Все это вместе взятое побудило меня поискать более тихого места для типографии.

Харьковская группа состояла в сношениях с несколькими городами: Полтавой, Таганрогом, Ростовом, в которых были более или менее сплоченные и сильные группы. С представителем одной из этих групп — ростовской — я виделся через несколько дней после своего приезда в Харьков, То, что он рассказал мне о Ростове, подало мне мысль попытаться поставить типографий в этом городе.

Но раньше чем принять решение, я хотел все-таки ближе ознакомиться с харьковскими делами, тем более, что у группы были широкие связи с рабочими, среди которых вращался тогда известный нелегальный рабочий Антонов. Кроме того, от Елько я впервые услыхал о нелегальном Заике (Сергей Иванов), о котором он отзывался очень хорошо и который скоро должен был приехать в Харьков. В интересах дела важно было столковаться с Заикой и работать соединенными силами. "

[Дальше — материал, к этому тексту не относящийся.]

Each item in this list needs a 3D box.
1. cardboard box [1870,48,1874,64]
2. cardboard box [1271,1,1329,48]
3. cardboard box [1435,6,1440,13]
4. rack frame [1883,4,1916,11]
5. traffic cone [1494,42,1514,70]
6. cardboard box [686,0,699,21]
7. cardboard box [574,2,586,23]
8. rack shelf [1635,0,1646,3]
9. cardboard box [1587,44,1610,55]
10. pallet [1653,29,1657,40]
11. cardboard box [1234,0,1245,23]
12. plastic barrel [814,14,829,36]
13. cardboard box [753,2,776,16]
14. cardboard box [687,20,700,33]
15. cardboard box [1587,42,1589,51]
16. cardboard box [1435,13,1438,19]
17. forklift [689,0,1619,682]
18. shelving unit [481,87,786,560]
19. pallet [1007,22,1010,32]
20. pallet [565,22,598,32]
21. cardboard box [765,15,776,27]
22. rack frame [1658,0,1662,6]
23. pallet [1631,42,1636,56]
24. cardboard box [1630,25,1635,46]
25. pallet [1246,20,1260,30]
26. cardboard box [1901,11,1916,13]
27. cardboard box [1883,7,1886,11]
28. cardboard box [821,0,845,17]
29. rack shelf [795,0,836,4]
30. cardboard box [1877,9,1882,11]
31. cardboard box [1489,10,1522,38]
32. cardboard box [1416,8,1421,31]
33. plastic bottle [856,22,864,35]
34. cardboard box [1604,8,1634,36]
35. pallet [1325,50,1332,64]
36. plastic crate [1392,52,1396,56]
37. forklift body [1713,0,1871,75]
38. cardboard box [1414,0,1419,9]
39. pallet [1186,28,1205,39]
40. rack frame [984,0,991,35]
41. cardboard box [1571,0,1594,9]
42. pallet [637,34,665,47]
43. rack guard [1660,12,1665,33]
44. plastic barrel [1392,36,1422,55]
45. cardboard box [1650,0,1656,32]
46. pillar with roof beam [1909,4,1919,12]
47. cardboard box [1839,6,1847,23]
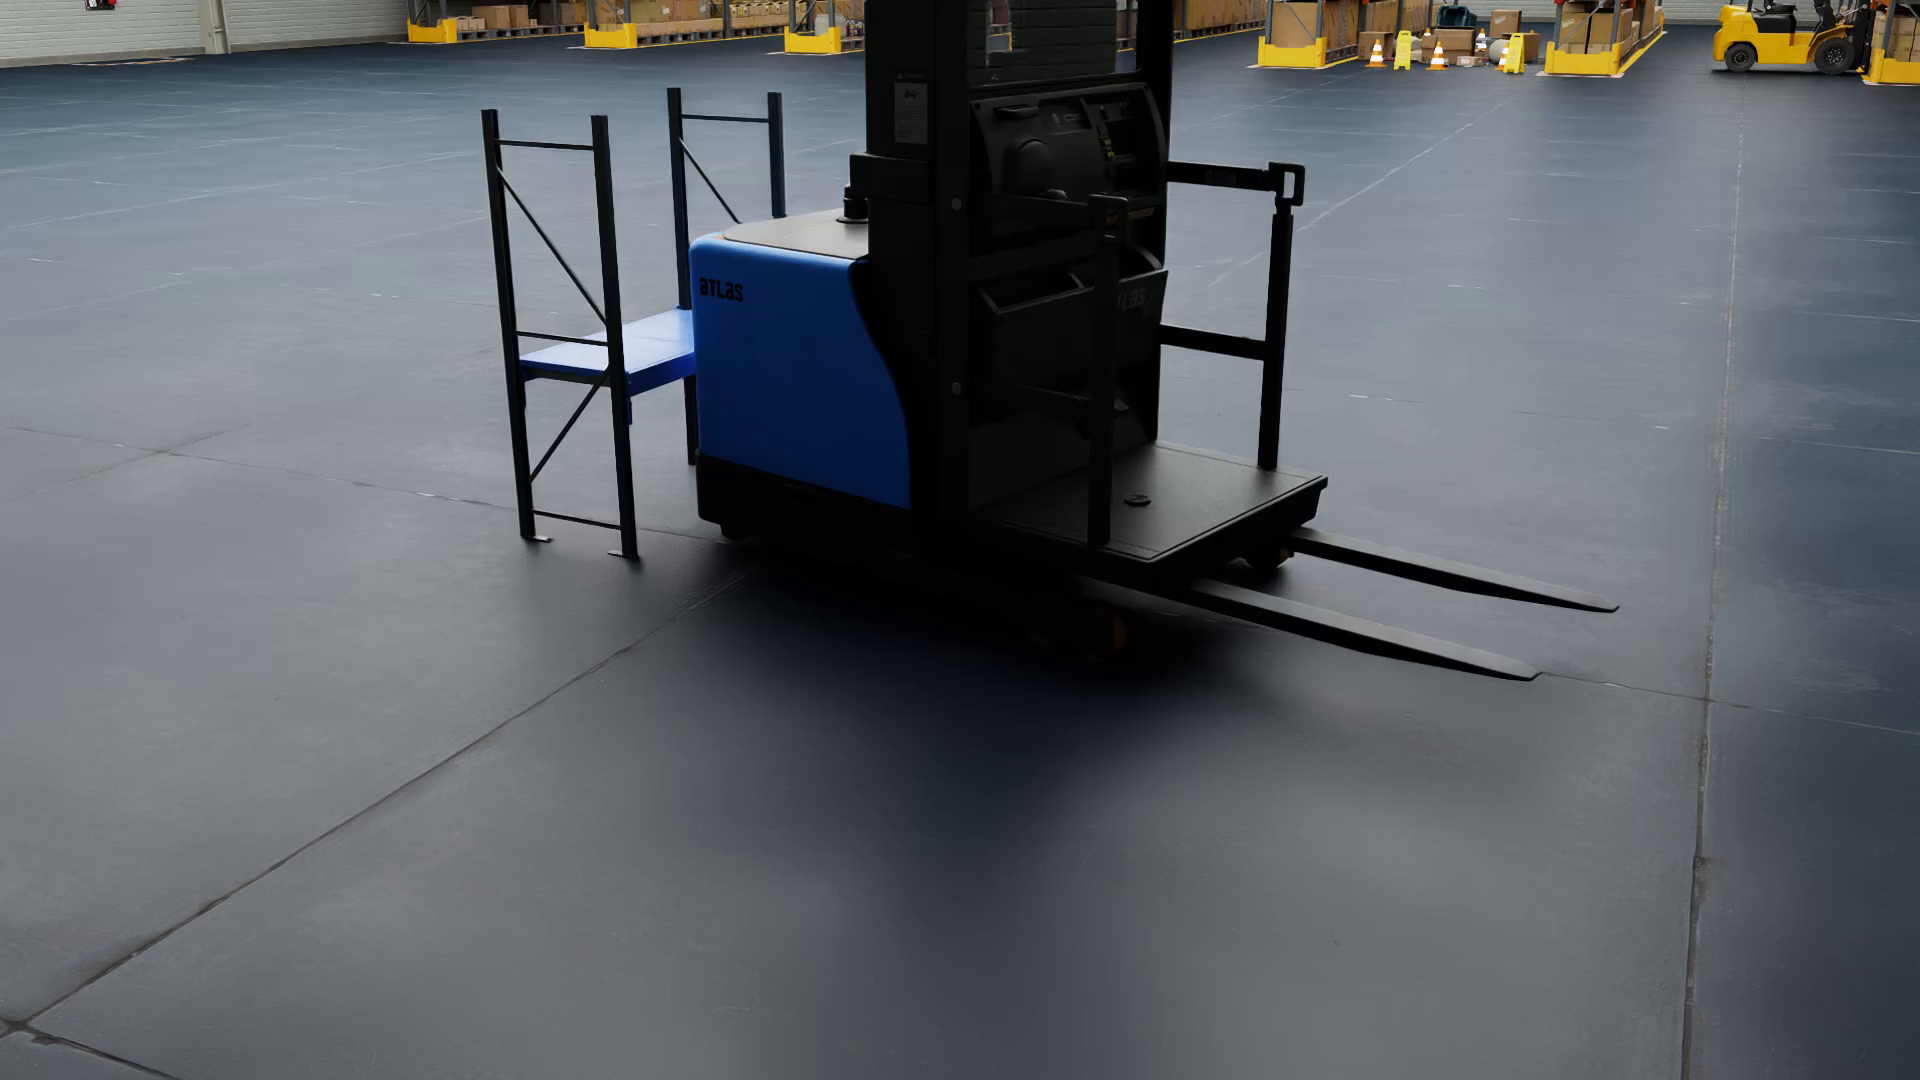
[{"bbox_3d":[15.201,-7.910,27.212,0.500,0.250,0.500,9,21,23],"label":"cardboard box"},{"bbox_3d":[6.215,-9.412,30.501,0.875,0.875,0.875,9,21,23],"label":"cardboard box"},{"bbox_3d":[11.732,-13.188,41.316,0.380,0.149,0.250,9,21,24],"label":"cardboard box"},{"bbox_3d":[18.361,-11.116,32.749,1.000,3.000,0.127,9,21,23],"label":"rack frame"},{"bbox_3d":[9.554,-8.464,29.077,0.336,0.463,0.334,9,21,23],"label":"traffic cone"},{"bbox_3d":[-6.291,-12.073,37.797,0.500,0.500,0.500,9,21,23],"label":"cardboard box"},{"bbox_3d":[-9.953,-13.394,42.227,0.700,0.500,0.500,8,21,22],"label":"cardboard box"},{"bbox_3d":[13.012,-10.846,33.062,1.077,0.370,4.000,9,21,23],"label":"rack shelf"},{"bbox_3d":[11.137,-8.461,28.761,0.500,0.250,0.500,8,21,22],"label":"cardboard box"},{"bbox_3d":[15.852,-11.927,39.190,1.003,0.211,1.213,9,21,23],"label":"pallet"},{"bbox_3d":[6.771,-13.766,42.745,0.875,0.875,0.875,9,21,23],"label":"cardboard box"},{"bbox_3d":[-2.805,-10.627,34.460,0.421,0.512,0.421,0,20,0],"label":"plastic barrel"},{"bbox_3d":[-4.859,-13.022,40.749,0.500,0.311,0.500,9,22,24],"label":"cardboard box"},{"bbox_3d":[-6.280,-11.718,37.917,0.500,0.250,0.500,9,21,23],"label":"cardboard box"},{"bbox_3d":[10.860,-8.694,29.415,0.500,0.250,0.500,9,21,23],"label":"cardboard box"},{"bbox_3d":[11.688,-13.061,41.401,0.380,0.149,0.250,10,22,25],"label":"cardboard box"},{"bbox_3d":[0.514,-1.218,5.020,3.031,2.935,1.130,15,25,37],"label":"forklift"},{"bbox_3d":[-1.121,-0.833,6.074,0.538,1.500,1.048,10,22,25],"label":"shelving unit"},{"bbox_3d":[1.057,-13.140,42.601,1.003,0.211,1.213,9,21,23],"label":"pallet"},{"bbox_3d":[-9.589,-13.271,42.969,1.003,0.211,1.213,9,21,23],"label":"pallet"},{"bbox_3d":[-4.864,-12.755,40.835,0.500,0.250,0.500,9,21,24],"label":"cardboard box"},{"bbox_3d":[17.107,-14.241,41.537,1.000,3.000,0.127,9,21,23],"label":"rack frame"},{"bbox_3d":[13.009,-9.872,33.412,1.003,0.211,1.213,9,21,23],"label":"pallet"},{"bbox_3d":[12.697,-9.914,32.664,0.950,0.372,0.625,10,22,26],"label":"cardboard box"},{"bbox_3d":[7.309,-13.661,44.066,1.003,0.211,1.213,9,21,23],"label":"pallet"},{"bbox_3d":[16.698,-9.090,29.036,0.500,0.250,0.500,9,21,24],"label":"cardboard box"},{"bbox_3d":[19.339,-10.961,34.449,0.380,0.149,0.250,9,21,23],"label":"cardboard box"},{"bbox_3d":[-3.380,-13.959,43.817,0.500,0.500,0.500,8,21,22],"label":"cardboard box"},{"bbox_3d":[-2.186,-11.662,35.358,1.077,0.370,4.000,9,21,23],"label":"rack shelf"},{"bbox_3d":[18.332,-10.627,33.511,0.380,0.149,0.250,7,21,20],"label":"cardboard box"},{"bbox_3d":[10.557,-9.987,32.175,0.500,0.500,0.500,9,21,23],"label":"cardboard box"},{"bbox_3d":[10.414,-12.113,38.657,0.500,0.500,0.500,8,21,22],"label":"cardboard box"},{"bbox_3d":[-2.182,-11.146,36.243,0.152,0.276,0.135,9,21,23],"label":"plastic bottle"},{"bbox_3d":[12.195,-9.611,30.875,0.500,0.500,0.500,8,21,22],"label":"cardboard box"},{"bbox_3d":[6.254,-8.940,30.792,1.003,0.211,1.213,9,21,23],"label":"pallet"},{"bbox_3d":[8.760,-9.691,32.852,0.662,0.188,0.450,-14,14,-33],"label":"plastic crate"},{"bbox_3d":[14.197,-9.101,28.348,2.313,2.155,1.214,9,21,23],"label":"forklift body"},{"bbox_3d":[10.199,-12.300,38.062,0.500,0.250,0.500,9,21,23],"label":"cardboard box"},{"bbox_3d":[5.181,-12.073,39.600,1.003,0.211,1.213,9,21,23],"label":"pallet"},{"bbox_3d":[0.271,-13.835,40.395,1.000,3.000,0.127,9,21,23],"label":"rack frame"},{"bbox_3d":[11.390,-9.804,30.449,0.380,0.149,0.250,9,22,25],"label":"cardboard box"},{"bbox_3d":[-7.247,-10.996,36.574,1.003,0.211,1.213,9,21,23],"label":"pallet"},{"bbox_3d":[17.117,-13.071,41.977,1.175,0.500,0.348,9,21,23],"label":"rack guard"},{"bbox_3d":[8.570,-9.450,31.910,0.421,0.421,0.512,-9,22,-24],"label":"plastic barrel"},{"bbox_3d":[15.288,-12.015,37.821,0.875,0.875,0.875,9,22,24],"label":"cardboard box"},{"bbox_3d":[17.179,-15.845,37.094,9.100,9.000,0.400,9,21,23],"label":"pillar with roof beam"},{"bbox_3d":[21.300,-12.409,39.484,0.797,0.503,0.637,8,21,21],"label":"cardboard box"}]

Зима 1885 г. По указаниям, данным мне Поповым, я вошел в сношения с народовольческим кружком, наиболее заметными членами которого были Ершов (брат арестованного), Филиппов и Минор. О других членах у меня сохранились только очень смутные воспоминания. Все они были очень молоды, некоторые из них недавно вернулись из странствований по идейным дебрям «Молодой Народной Воли», но в общем они производили хорошее впечатление. Повидавшись с некоторыми из них порознь, я предложил им собраться всем вместе для того, чтобы обменяться мыслями и выяснить положение. Смутно припоминаю собрания, на которых присутствовало человек 8-10, но хорошо помню, что утешительного из этих собраний я вынес мало. Готовых элементов для создания серьезной группы, которая могла бы взять в свои руки ведение революционной работы в Москве, не было, а был только более или менее сырой материал, из которого со временем могли выработаться такие элементы.
Дело представлялось мне в таком виде, что в Москве долго еще придется заниматься исключительно революционно-воспитательной работой, раньше чем можно будет приступить к организации революционных сил в собственном смысле слова-. Осложнялось еще в значительной степени положение той специфически-московской особенностью, в силу которой между московскими революционными кругами и охраной существовала непрерывная связь, Буквально трудно было определить, где кончалась революционная организация и где начиналась шпионская. Знаменитый Зубатов, который в то время впервые появился на революционном горизонте, был одним из продуктов этой пагубной особенности.
К своему великому огорчению, я не замедлил убедиться, что я сам попал в сферу ее действия. "

Ростов на Дону

А.Н.Бах, 1884 г: "В Ростове, благодаря деятельности Сергея Пешекерова, который, судя по всему, что я узнал о нем, был несомненно человеком высокого нравственного и умственного уровня, создалась в 1882—1883 гг. очень солидная группа, которая особенное внимание обратила на пропаганду среди рабочих.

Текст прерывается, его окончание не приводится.